__WHAT TO PRODUCE__: The required answer is the run of lines from the one holding "(00:00:25.500)" to the end of the data below, copied exactly and free of pictures.

__MATERIAL FOR THE TASK__:
------------------------------------

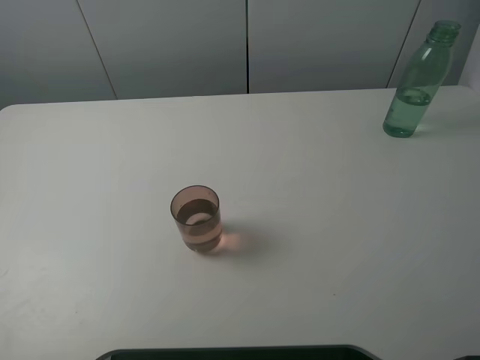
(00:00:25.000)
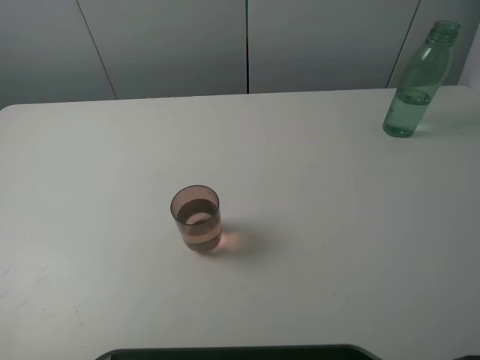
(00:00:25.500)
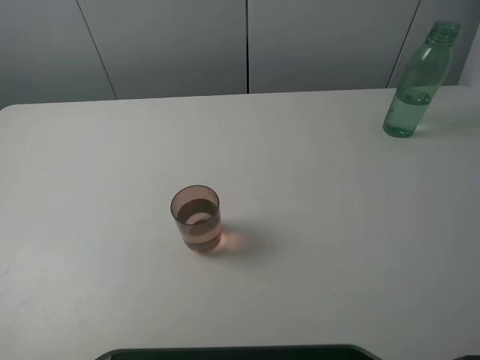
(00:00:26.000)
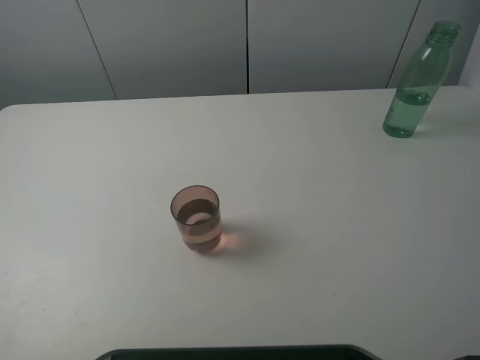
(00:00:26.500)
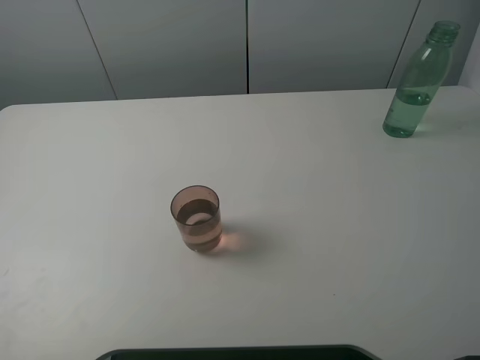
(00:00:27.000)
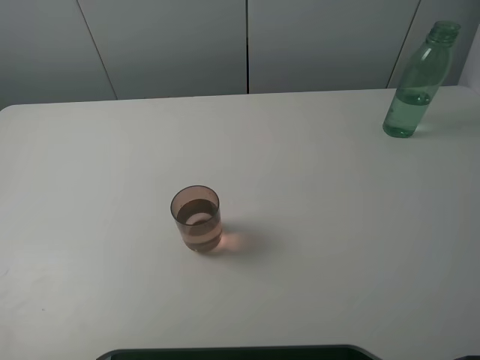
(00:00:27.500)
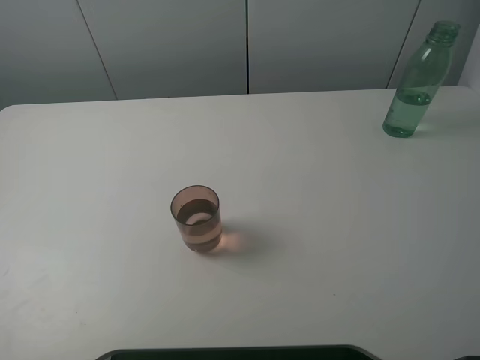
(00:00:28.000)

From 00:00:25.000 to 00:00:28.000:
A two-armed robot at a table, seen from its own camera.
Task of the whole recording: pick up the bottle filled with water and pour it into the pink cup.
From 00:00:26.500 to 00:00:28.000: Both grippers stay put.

------------------------------------

__TASK SOLUTION__:
(00:00:25.500)
(00:00:26.000)
(00:00:26.500)
(00:00:27.000)
(00:00:27.500)
(00:00:28.000)

From 00:00:25.000 to 00:00:28.000:
A two-armed robot at a table, seen from its own camera.
Task of the whole recording: pick up the bottle filled with water and pour it into the pink cup.
From 00:00:26.500 to 00:00:28.000: Both grippers stay put.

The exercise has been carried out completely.